Check usage worldwide has been in a long, slow decline for many years, and continues to become a less-important payment mechanism as electronic forms of payment take greater hold of the non-bank payments environment.
However, checks continue to represent one of the most used modes of payments – both for companies and for consumer – worldwide, but especially in certain countries, such as the US, Singapore, and China. In 2011, checks accounted for 60.6% of total transaction volume across payment instruments in BIS countries that made data available. In Singapore, they comprised 67.1% of all payments, in Canada 50.5%, in China 38.2% and in the US 37% . However, this figures all represent a year-on-year decline and, overall, the use of checks across BIS countries did decrease 14%, by value compared to 2010.
It also decreased by number of transactions (6.9%,) dropping a whopping 57% in Russia, 30.4% in South Africa and nearly 20% in Switzerland.
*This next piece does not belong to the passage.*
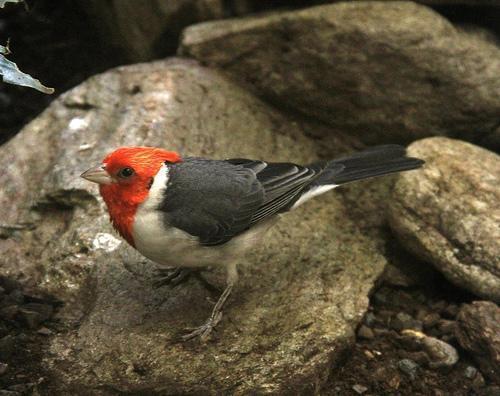How many birds are in the picture?
Give a very brief answer. 1. How many feet this bird has?
Give a very brief answer. 2. How many claws on a bird's foot?
Give a very brief answer. 4. How many wings does the bird have?
Give a very brief answer. 2. 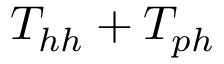Convert formula to latex. <formula><loc_0><loc_0><loc_500><loc_500>T _ { h h } + T _ { p h }</formula>

In the US, since the enactment of the Check 21 Act in 2004, electronic images of checks have been recognized as legal documents. Technology, such as remote deposit capture, enables electronification of a check at some point during its lifecycle. This has likely slowed the process of reducing check usage in the US market. However, that process continues, and other payment mechanisms are beginning to grow in importance. As a result, since 2007, the number of checks written in the U.S. has decreased from 28 billion to 21 billion in 2011.